[DATA FOR PROCESSING — start]

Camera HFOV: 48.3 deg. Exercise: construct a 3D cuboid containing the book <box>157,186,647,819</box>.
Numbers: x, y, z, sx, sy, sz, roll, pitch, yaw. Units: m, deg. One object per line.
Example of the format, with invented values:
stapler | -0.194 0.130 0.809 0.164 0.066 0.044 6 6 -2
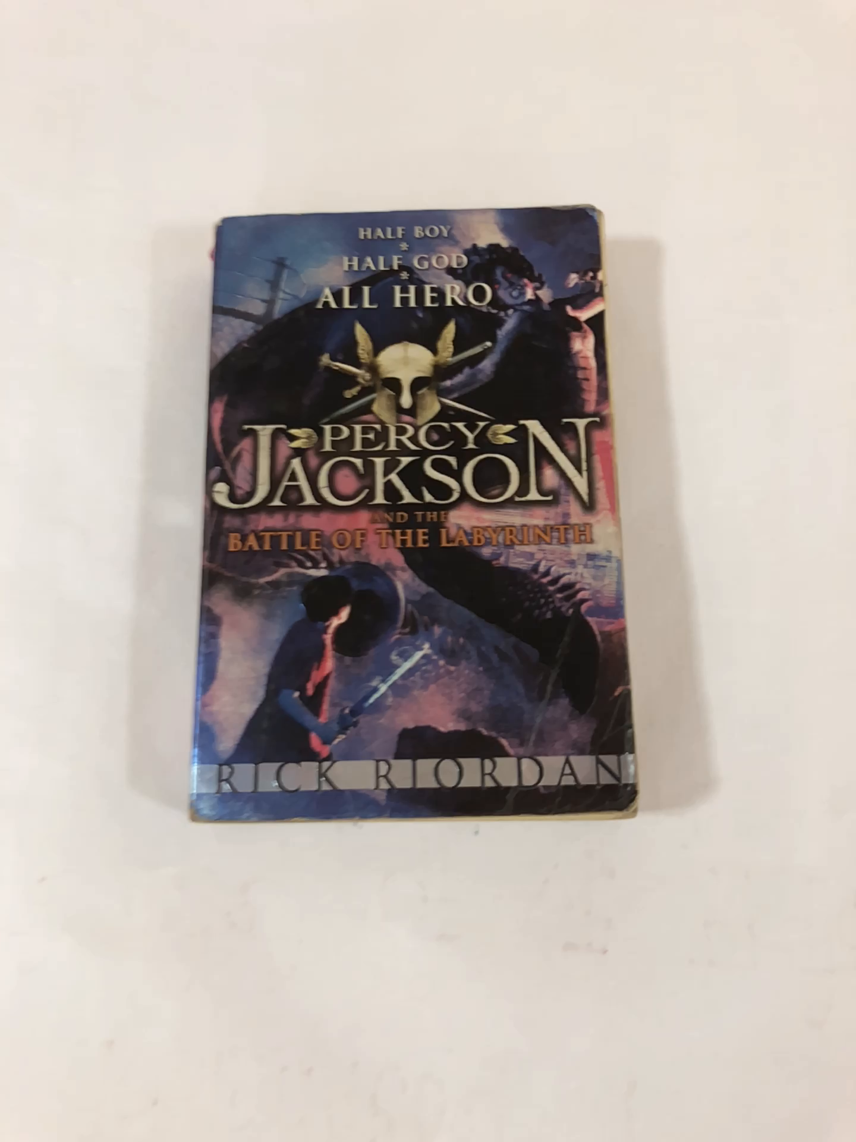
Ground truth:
book | -0.009 -0.023 0.297 0.130 0.040 0.190 -1 75 0

[DATA FOR PROCESSING — finish]

**REQUIRED WORK**: The response should be the lines from the one containing "stapler | -0.194" through the final line of the records, reproduced exactly and with every picture left out.

**OUTPUT FOR THIS EXERCISE**:
stapler | -0.194 0.130 0.809 0.164 0.066 0.044 6 6 -2
Ground truth:
book | -0.009 -0.023 0.297 0.130 0.040 0.190 -1 75 0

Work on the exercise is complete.